You are given an integer array nums where the i<sup>th</sup> bag contains nums[i] balls. You are also given an integer maxOperations.

You can perform the following operation at most maxOperations times:

• Take any bag of balls and divide it into two new bags with a positive number of balls.
  • For example, a bag of 5 balls can become two new bags of 1 and 4 balls, or two new bags of 2 and 3 balls.

Your penalty is the maximum number of balls in a bag. You want to minimize your penalty after the operations.

Return the minimum possible penalty after performing the operations.

Example 1:

Input: nums = [9], maxOperations = 2
Output: 3
Explanation: 
- Divide the bag with 9 balls into two bags of sizes 6 and 3. [9] -> [6,3].
- Divide the bag with 6 balls into two bags of sizes 3 and 3. [6,3] -> [3,3,3].
The bag with the most number of balls has 3 balls, so your penalty is 3 and you should return 3.

Example 2:

Input: nums = [2,4,8,2], maxOperations = 4
Output: 2
Explanation:
- Divide the bag with 8 balls into two bags of sizes 4 and 4. [2,4,8,2] -> [2,4,4,4,2].
- Divide the bag with 4 balls into two bags of sizes 2 and 2. [2,4,4,4,2] -> [2,2,2,4,4,2].
- Divide the bag with 4 balls into two bags of sizes 2 and 2. [2,2,2,4,4,2] -> [2,2,2,2,2,4,2].
- Divide the bag with 4 balls into two bags of sizes 2 and 2. [2,2,2,2,2,4,2] -> [2,2,2,2,2,2,2,2].
The bag with the most number of balls has 2 balls, so your penalty is 2, and you should return 2.

Constraints:

• 1 <= nums.length <= 10^5
• 1 <= maxOperations, nums[i] <= 10^9

Naive Approach

A brute-force solution would involve trying out every possible combination of divisions for each bag, but this would be extremely inefficient, especially given the constraints on the size of nums and the values within it.

Optimal Approach: Binary Search

The problem asks us to minimize the maximum number of balls in a bag after performing a limited number of operations. This structure strongly suggests using binary search. We can binary search for the minimum possible penalty. For a given penalty value, we check if it's possible to achieve that penalty within the allowed number of operations.

1. Define Search Space: The minimum possible penalty is 1, and the maximum possible penalty is the largest value in nums.
2. Binary Search: Pick a mid value within the search space (potential penalty).
3. Check Feasibility: For each bag, determine how many operations are needed to make the largest number of balls in the bag less than or equal to mid. This is done by calculating ceil(nums[i] / mid) - 1. Sum up these operations for all bags.
4. Adjust Search Space: If the total operations needed are less than or equal to maxOperations, then we can potentially reduce the penalty, so we move the high pointer to mid - 1. Otherwise, we need to increase the penalty, so we move the low pointer to mid + 1.
5. Return: When low > high, low will be the minimum possible penalty.

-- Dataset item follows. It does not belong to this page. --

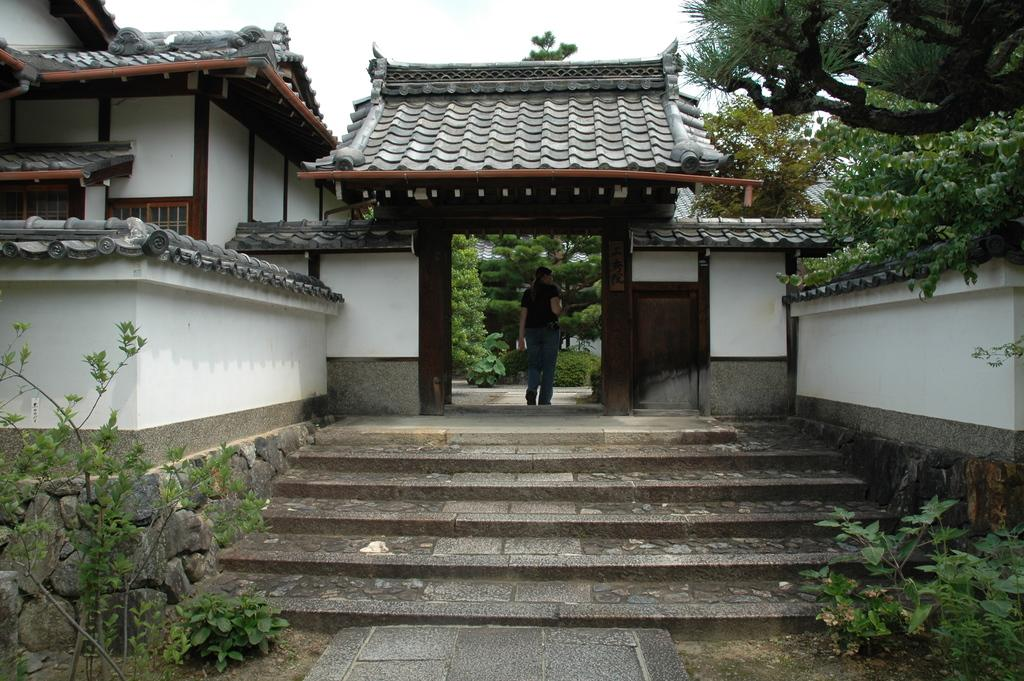What is the woman in the image doing? The woman is walking in the image. What can be seen at the bottom of the image? There are stairs, a footpath, plants, and a stone wall at the bottom of the image. What is visible in the background of the image? There is a house, glass windows, a roof, trees, and the sky visible in the background of the image. What statement does the stranger make to the woman in the image? There is no stranger present in the image, so it is not possible to determine what statement they might make to the woman.

def minimumSize(nums, maxOperations):
    low = 1
    high = max(nums)

    while low <= high:
        mid = (low + high) // 2
        operationsNeeded = 0
        for num in nums:
            operationsNeeded += (num - 1) // mid  # Equivalent to ceil(num / mid) - 1

        if operationsNeeded <= maxOperations:
            high = mid - 1
        else:
            low = mid + 1

    return low

# Example Usage
nums = [2, 4, 8, 2]
maxOperations = 4
result = minimumSize(nums, maxOperations)
print(f"Minimum possible penalty: {result}")  # Output: 2

nums = [9]
maxOperations = 2
result = minimumSize(nums, maxOperations)
print(f"Minimum possible penalty: {result}")

Big O Analysis

• Time Complexity: O(N log M), where N is the number of bags (nums.length) and M is the maximum number of balls in a bag (max(nums)). The binary search takes O(log M) iterations, and in each iteration, we iterate through all the bags in O(N) time to calculate the number of operations needed.
• Space Complexity: O(1). The algorithm uses only a constant amount of extra space for variables like low, high, mid, and operationsNeeded.

Edge Cases

1. maxOperations = 0: If no operations are allowed, the minimum penalty is simply the maximum value in nums.
2. nums contains only one bag: The binary search will still work correctly.
3. nums contains very large numbers: The (num - 1) // mid calculation can handle large numbers without overflow because the intermediate values are integers.
4. All numbers in nums are small: The binary search will quickly converge to the optimal penalty.
5. maxOperations is very large: The binary search will still efficiently find the minimum penalty.